However it was recorded and named, it’s a mad, glorious mess: the sound of several genres each being battered relentlessly against a wall until they’re bloodied and semi-conscious then being bound together, crushed and crammed forcibly into the mixing desk. The drums crash, blare and distort; a heavy, twangy funk-rock riff muscles its way in periodically, trying in vain to assert its dominance; a shrill, atonal sci-fi synth darts in periodically, surveys the chaos, shrugs its shoulders and wanders out again; and somewhere, lurking in the shadows, a frightened little harpsichord-effect keyboard tinkles shyly.

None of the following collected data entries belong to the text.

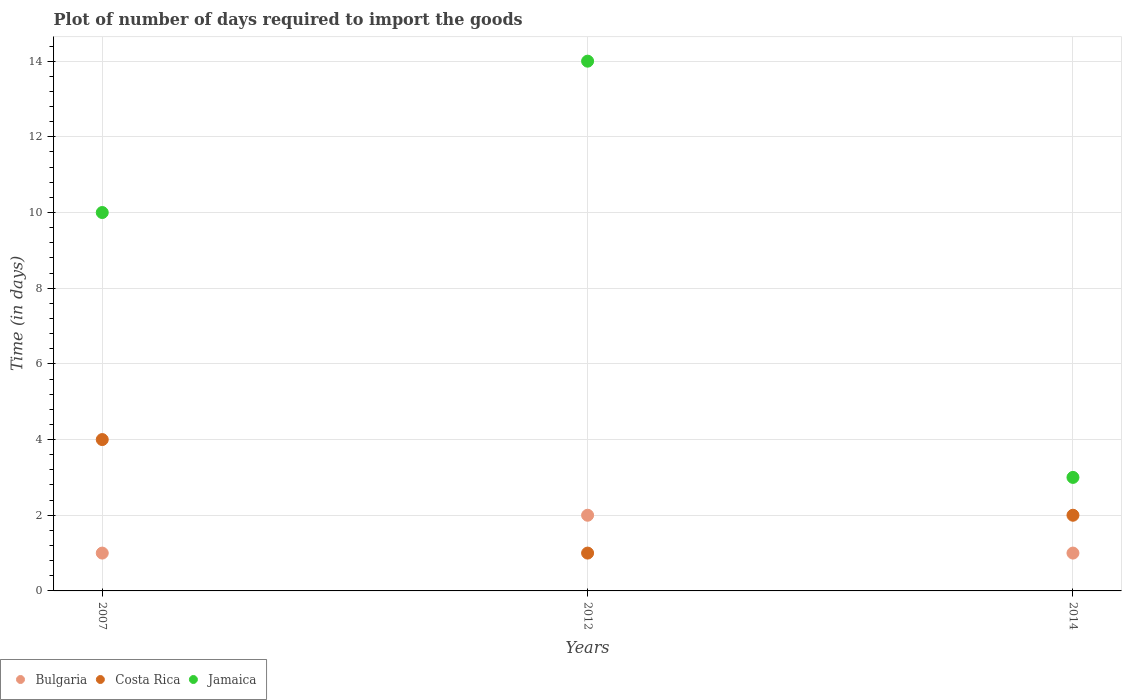How many different coloured dotlines are there?
Make the answer very short. 3. What is the time required to import goods in Costa Rica in 2014?
Make the answer very short. 2. Across all years, what is the maximum time required to import goods in Costa Rica?
Your answer should be compact. 4. Across all years, what is the minimum time required to import goods in Costa Rica?
Give a very brief answer. 1. In which year was the time required to import goods in Jamaica maximum?
Your response must be concise. 2012. In which year was the time required to import goods in Jamaica minimum?
Your answer should be very brief. 2014. What is the total time required to import goods in Bulgaria in the graph?
Your answer should be compact. 4. What is the difference between the time required to import goods in Jamaica in 2007 and that in 2014?
Your response must be concise. 7. What is the difference between the time required to import goods in Costa Rica in 2014 and the time required to import goods in Jamaica in 2007?
Your response must be concise. -8. What is the average time required to import goods in Costa Rica per year?
Give a very brief answer. 2.33. In the year 2007, what is the difference between the time required to import goods in Bulgaria and time required to import goods in Costa Rica?
Provide a short and direct response. -3. In how many years, is the time required to import goods in Jamaica greater than 3.6 days?
Keep it short and to the point. 2. What is the ratio of the time required to import goods in Bulgaria in 2007 to that in 2014?
Make the answer very short. 1. Is the time required to import goods in Jamaica in 2007 less than that in 2014?
Give a very brief answer. No. What is the difference between the highest and the second highest time required to import goods in Costa Rica?
Your response must be concise. 2. In how many years, is the time required to import goods in Bulgaria greater than the average time required to import goods in Bulgaria taken over all years?
Make the answer very short. 1. Is it the case that in every year, the sum of the time required to import goods in Costa Rica and time required to import goods in Jamaica  is greater than the time required to import goods in Bulgaria?
Your answer should be very brief. Yes. Does the time required to import goods in Costa Rica monotonically increase over the years?
Provide a short and direct response. No. How many dotlines are there?
Provide a succinct answer. 3. How many years are there in the graph?
Your response must be concise. 3. What is the difference between two consecutive major ticks on the Y-axis?
Your response must be concise. 2. Does the graph contain any zero values?
Provide a short and direct response. No. What is the title of the graph?
Offer a very short reply. Plot of number of days required to import the goods. Does "World" appear as one of the legend labels in the graph?
Keep it short and to the point. No. What is the label or title of the X-axis?
Your response must be concise. Years. What is the label or title of the Y-axis?
Offer a very short reply. Time (in days). What is the Time (in days) of Jamaica in 2007?
Offer a very short reply. 10. What is the Time (in days) of Bulgaria in 2012?
Offer a very short reply. 2. What is the Time (in days) of Jamaica in 2012?
Provide a succinct answer. 14. What is the Time (in days) in Bulgaria in 2014?
Ensure brevity in your answer.  1. Across all years, what is the maximum Time (in days) of Costa Rica?
Your response must be concise. 4. Across all years, what is the minimum Time (in days) of Bulgaria?
Offer a terse response. 1. What is the total Time (in days) in Jamaica in the graph?
Offer a very short reply. 27. What is the difference between the Time (in days) of Costa Rica in 2007 and that in 2012?
Offer a very short reply. 3. What is the difference between the Time (in days) in Jamaica in 2007 and that in 2012?
Provide a short and direct response. -4. What is the difference between the Time (in days) in Jamaica in 2007 and that in 2014?
Your answer should be compact. 7. What is the difference between the Time (in days) of Bulgaria in 2007 and the Time (in days) of Costa Rica in 2012?
Ensure brevity in your answer.  0. What is the difference between the Time (in days) in Bulgaria in 2007 and the Time (in days) in Jamaica in 2012?
Offer a terse response. -13. What is the difference between the Time (in days) of Bulgaria in 2007 and the Time (in days) of Costa Rica in 2014?
Your response must be concise. -1. What is the difference between the Time (in days) in Costa Rica in 2007 and the Time (in days) in Jamaica in 2014?
Your answer should be very brief. 1. What is the difference between the Time (in days) of Bulgaria in 2012 and the Time (in days) of Costa Rica in 2014?
Give a very brief answer. 0. What is the difference between the Time (in days) of Bulgaria in 2012 and the Time (in days) of Jamaica in 2014?
Your answer should be compact. -1. What is the difference between the Time (in days) in Costa Rica in 2012 and the Time (in days) in Jamaica in 2014?
Provide a short and direct response. -2. What is the average Time (in days) of Bulgaria per year?
Offer a terse response. 1.33. What is the average Time (in days) in Costa Rica per year?
Give a very brief answer. 2.33. In the year 2007, what is the difference between the Time (in days) of Bulgaria and Time (in days) of Costa Rica?
Provide a succinct answer. -3. In the year 2007, what is the difference between the Time (in days) in Bulgaria and Time (in days) in Jamaica?
Provide a short and direct response. -9. In the year 2007, what is the difference between the Time (in days) of Costa Rica and Time (in days) of Jamaica?
Give a very brief answer. -6. In the year 2012, what is the difference between the Time (in days) in Costa Rica and Time (in days) in Jamaica?
Ensure brevity in your answer.  -13. In the year 2014, what is the difference between the Time (in days) in Bulgaria and Time (in days) in Costa Rica?
Provide a short and direct response. -1. In the year 2014, what is the difference between the Time (in days) in Bulgaria and Time (in days) in Jamaica?
Provide a succinct answer. -2. What is the ratio of the Time (in days) in Jamaica in 2007 to that in 2012?
Your answer should be compact. 0.71. What is the ratio of the Time (in days) of Bulgaria in 2007 to that in 2014?
Offer a very short reply. 1. What is the ratio of the Time (in days) in Jamaica in 2012 to that in 2014?
Provide a succinct answer. 4.67. What is the difference between the highest and the second highest Time (in days) of Bulgaria?
Keep it short and to the point. 1. What is the difference between the highest and the second highest Time (in days) of Jamaica?
Keep it short and to the point. 4. What is the difference between the highest and the lowest Time (in days) in Jamaica?
Provide a succinct answer. 11.

Over all of this, the multiple layers of cut & paste MES vocals swarm like enraged wasps; a bit like being surrounded by a crowd of angry drunks getting down to a brawl at closing time in Wetherspoons. The words are frantically, angrily garbled and once again pretty much beyond interpretation; it’s hard to argue with The Annotated Fall that the song ‘isn’t meant to be explained’ when it contains lines like’ The house is falling in /
ecstatic midges / cloud coverage’.
According to Reformation, it was played only once (in New York on 30 March 1998) ‘with some venom’. It captures the overall spirit of Levitate perfectly: bleak, desperate, aggressive, venomous, chaotic, punishing – yet exhilarating.
Spencer Must Die
Co-written with Simon Spencer, Spencer Must Die is one of those songs that have contributed to the MES ‘pre-cog’ mythology following Spencer’s death in 2003.
Like several others on Levitate, there’s not much of an actual song, but it lopes along in a loose, head-bobbing fashion; an effortlessly engaging shuffle. Steve Hanley provides a fluid, sliding, oscillating rhythm that unobtrusively underpins everything (notwithstanding the little misstep at 1:19).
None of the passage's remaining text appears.